When the Bloomsburg Fair returns in 2021 there will be a new attraction, at least new to younger attendees: Automobile racing will return to the fairgrounds next year, ending a 35-year hiatus.

Starting in the 1930s and ending in the 1980s Bloomsburg would host racing on the 1/2 mile cinder track that sits in the middle of the Fairgrounds. Starting on Friday construction will start on a 3/8th mile track sitting inside of the current track used for harness racing.

“We are going to get started this Friday moving equipment in to tear down the stage,” said Grandstand Director Brian Waworski.

“Tearing down the stage was a tough decision," Waworski said. "It’s only 10 years old but when we considered the operating costs as opposed to renting a stage, the costs were close to the same plus it offers us new flexibility.”

The new stage will be 40-by-50-feet.

The stage hosts nightly acts during fair week and hosts big-name stars and huge crowds. “We are still going to have the shows but it’s becoming a tougher environment,” Waworski said. “We need to find ways to continue giving the people what they want and pay the bills and we think it’s motorsports.”

Waworski said the idea has been floating around the fair for several years. It took a combination of the right people coming together at the right time, he said. Fair leaders met with B.J. Birtwell whose Birtwell Armory Agency is overseeing the project and Levi Jones from the United States Auto Club (USAC).

The next obstacle was where to build the track, how to blend it into the existing horse track, making the facility friendly to the other motorsports events such as the monster trucks, tractor pulls, demolition derbies and the popular figure-eight racing as well as building a state of the art speedway that could host anything from 600cc Micro Sprints, Midgets, Sprint Cars and Late Models, all divisions that Waworski was familiar with from his days of crewing for National Sprint Car Rookie of the Year Billy Crawford and later racing Karts and Micros.

Working in conjunction with Jones, who is a USAC vice president and seven-time national champion as well as getting input from Kyle Larson, who recently spent the Summer in Pennsylvania dominating Sprint Car racing, the Fair decided 3/8th mile was the right size.

“Here in Central Pennsylvania we are surrounded by big half miles and we wanted something different,” Waworski said. “We are building the track to USAC specs. That means the track has to be 12 feet away from the spectators.”

That presents another design challenge as the current walkway is just adjacent to the front stretch.

“We talked about a lot of things,” Waworski said. “How to set it back, how to blend with the current track. We had a meeting Wednesday night to finalize the design but things will change, maybe even daily.
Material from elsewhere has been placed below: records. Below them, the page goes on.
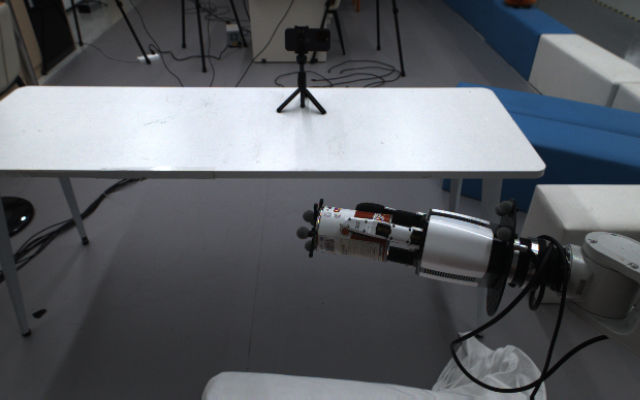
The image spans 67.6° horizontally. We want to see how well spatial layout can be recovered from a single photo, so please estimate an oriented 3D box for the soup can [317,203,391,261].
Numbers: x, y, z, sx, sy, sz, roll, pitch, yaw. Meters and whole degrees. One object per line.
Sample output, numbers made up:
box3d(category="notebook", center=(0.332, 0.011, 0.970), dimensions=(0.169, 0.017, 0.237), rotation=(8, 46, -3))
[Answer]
box3d(category="soup can", center=(0.051, 0.047, 0.688), dimensions=(0.101, 0.067, 0.067), rotation=(7, 35, 10))
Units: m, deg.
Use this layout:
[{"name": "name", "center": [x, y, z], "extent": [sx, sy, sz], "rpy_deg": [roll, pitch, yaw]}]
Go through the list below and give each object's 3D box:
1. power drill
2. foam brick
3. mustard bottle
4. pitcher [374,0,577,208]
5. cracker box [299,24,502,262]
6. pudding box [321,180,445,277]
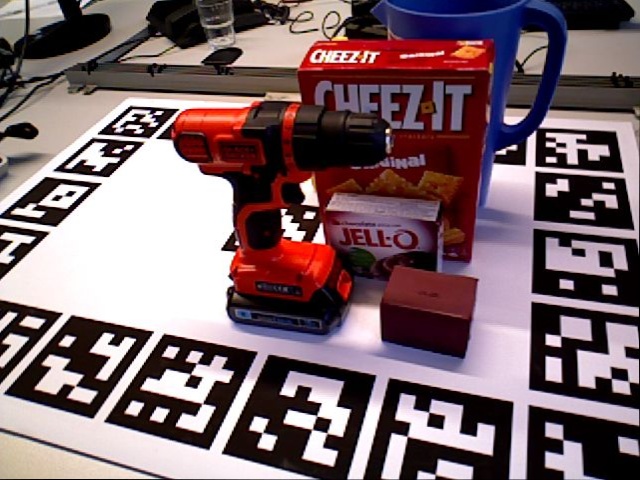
[{"name": "power drill", "center": [-0.022, -0.031, 0.456], "extent": [0.185, 0.191, 0.056], "rpy_deg": [7, 40, 16]}, {"name": "foam brick", "center": [0.100, 0.063, 0.485], "extent": [0.078, 0.052, 0.051], "rpy_deg": [9, 46, 19]}, {"name": "mustard bottle", "center": [0.028, -0.153, 0.618], "extent": [0.096, 0.195, 0.057], "rpy_deg": [18, 48, 27]}, {"name": "pitcher", "center": [0.153, -0.145, 0.569], "extent": [0.190, 0.247, 0.130], "rpy_deg": [11, 45, 23]}, {"name": "cracker box", "center": [0.078, -0.081, 0.519], "extent": [0.165, 0.218, 0.070], "rpy_deg": [5, 41, 18]}, {"name": "pudding box", "center": [0.062, -0.010, 0.524], "extent": [0.114, 0.092, 0.038], "rpy_deg": [6, 41, 20]}]
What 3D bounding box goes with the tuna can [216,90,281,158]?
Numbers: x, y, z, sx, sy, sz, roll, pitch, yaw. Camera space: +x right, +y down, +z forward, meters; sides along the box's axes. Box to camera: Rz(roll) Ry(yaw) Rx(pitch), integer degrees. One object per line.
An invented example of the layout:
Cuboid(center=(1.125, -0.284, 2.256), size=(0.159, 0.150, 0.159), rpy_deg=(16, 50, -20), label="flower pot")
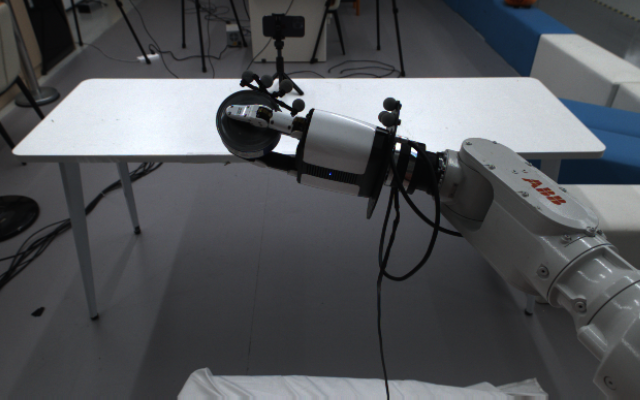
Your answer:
Cuboid(center=(-0.093, -0.100, 0.642), size=(0.085, 0.034, 0.085), rpy_deg=(1, 75, -4), label="tuna can")
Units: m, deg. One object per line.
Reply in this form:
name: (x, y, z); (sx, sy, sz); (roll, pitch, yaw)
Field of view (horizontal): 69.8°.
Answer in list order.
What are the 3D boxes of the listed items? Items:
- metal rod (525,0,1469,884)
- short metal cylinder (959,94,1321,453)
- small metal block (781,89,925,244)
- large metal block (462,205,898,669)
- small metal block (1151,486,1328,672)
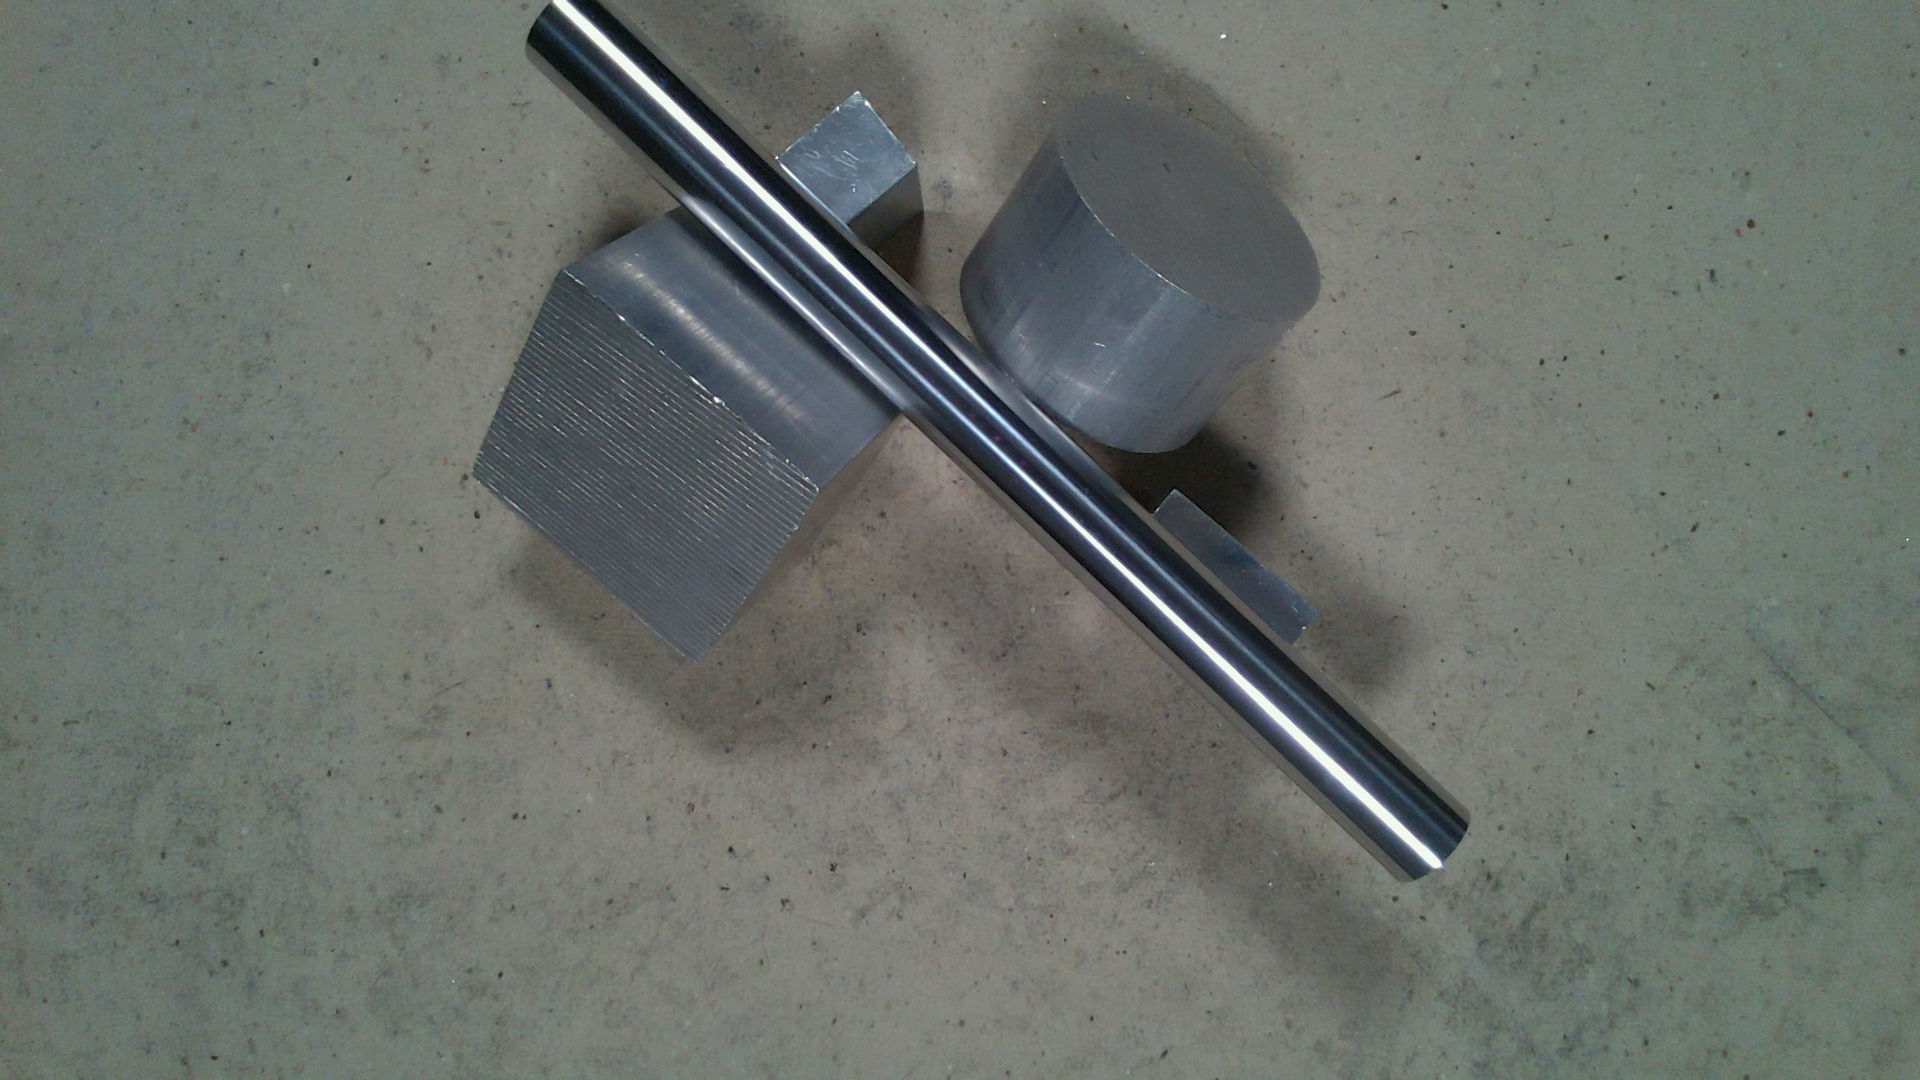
metal rod: (0.009, -0.026, 0.345); (0.300, 0.025, 0.025); (43, 90, 0)
short metal cylinder: (0.047, -0.070, 0.362); (0.080, 0.080, 0.050); (39, 132, 0)
small metal block: (-0.038, -0.092, 0.383); (0.050, 0.050, 0.025); (-39, 90, 0)
large metal block: (-0.074, -0.027, 0.365); (0.080, 0.050, 0.080); (40, 131, -1)
small metal block: (0.068, 0.012, 0.380); (0.050, 0.050, 0.025); (41, 90, 0)

We will cut out the track and Levi will take some laps. If there’s something he doesn’t like, we’ll change it. Jones said he had been to 80 different tracks just this year so there are some things he likes. He may even take a race car out and do a few laps."

The entrance to the track will be on the front stretch, the exit is still being considered. The pits for the fair race will be inside the half-mile but outside the new track for better sightlines for the fans. For the other races, they will be outside the half-mile where the rides are located during the fair and will cross the second turn of the big track.
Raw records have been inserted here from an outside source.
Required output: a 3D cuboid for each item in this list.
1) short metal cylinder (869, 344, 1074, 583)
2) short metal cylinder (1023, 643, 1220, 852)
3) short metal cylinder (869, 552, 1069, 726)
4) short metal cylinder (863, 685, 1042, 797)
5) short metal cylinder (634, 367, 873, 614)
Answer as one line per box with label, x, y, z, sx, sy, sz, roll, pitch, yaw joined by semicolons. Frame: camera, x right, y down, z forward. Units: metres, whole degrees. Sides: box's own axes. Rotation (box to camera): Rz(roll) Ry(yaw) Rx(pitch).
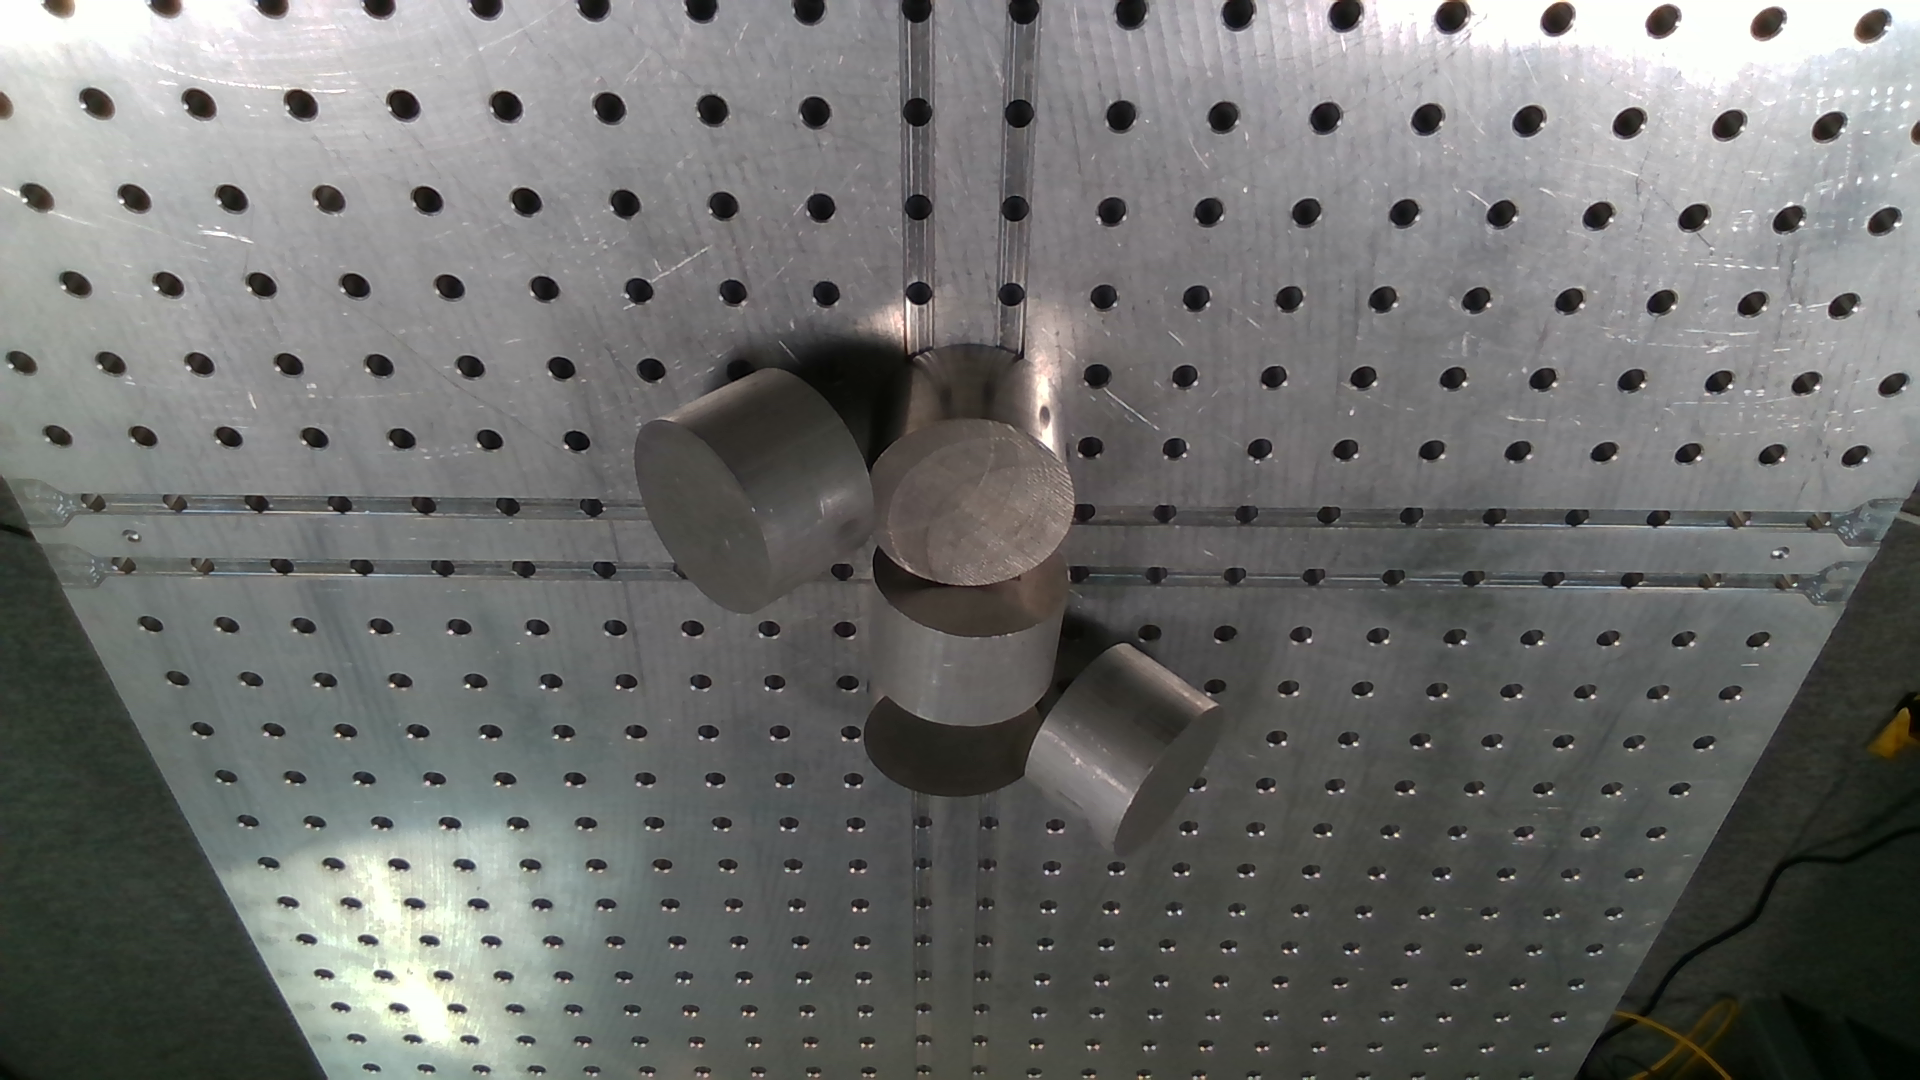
short metal cylinder;0.003;-0.029;0.540;0.080;0.050;0.080;0;130;0
short metal cylinder;0.073;0.093;0.616;0.050;0.080;0.080;35;135;26
short metal cylinder;0.002;0.030;0.572;0.080;0.080;0.050;4;130;-3
short metal cylinder;-0.003;0.071;0.625;0.080;0.050;0.080;0;130;0
short metal cylinder;-0.079;-0.019;0.523;0.080;0.050;0.080;31;138;33

“We are not looking to race weekly," he said. "Just 10-12 events a year. USAC just released their Speedweek and we are scheduled for June 20, plus we are looking at two USAC Regional series before the Speedweek race so we can see how to do track prep and race procedures. The Midget week schedule isn’t out yet but we’ll have a race there and then the fair race. Right now, those are the only events we have planned but we are open to speaking with other groups.”

“We have an incredible opportunity with the team from the Bloomsburg Fair to pay homage to the great sport of dirt oval racing but to modernize it for the next 50 years to come. We are looking to capture local enthusiasm. You could always hear people saying, ‘I wish they could get racing back at Bloomsburg.’ When I got on the board, that was one of my goals.”

The history of racing at the fairgrounds includes Midgets, Big Cars, now called Sprint Cars, and even held a NASCAR Grand National race in 1953 that was won by Herb Thomas on his way to clinching the season championship. Other notable drivers to race at the fair were Indianapolis 500 winners, Bill Holland and Mario Andretti who was also a Formula 1 champion.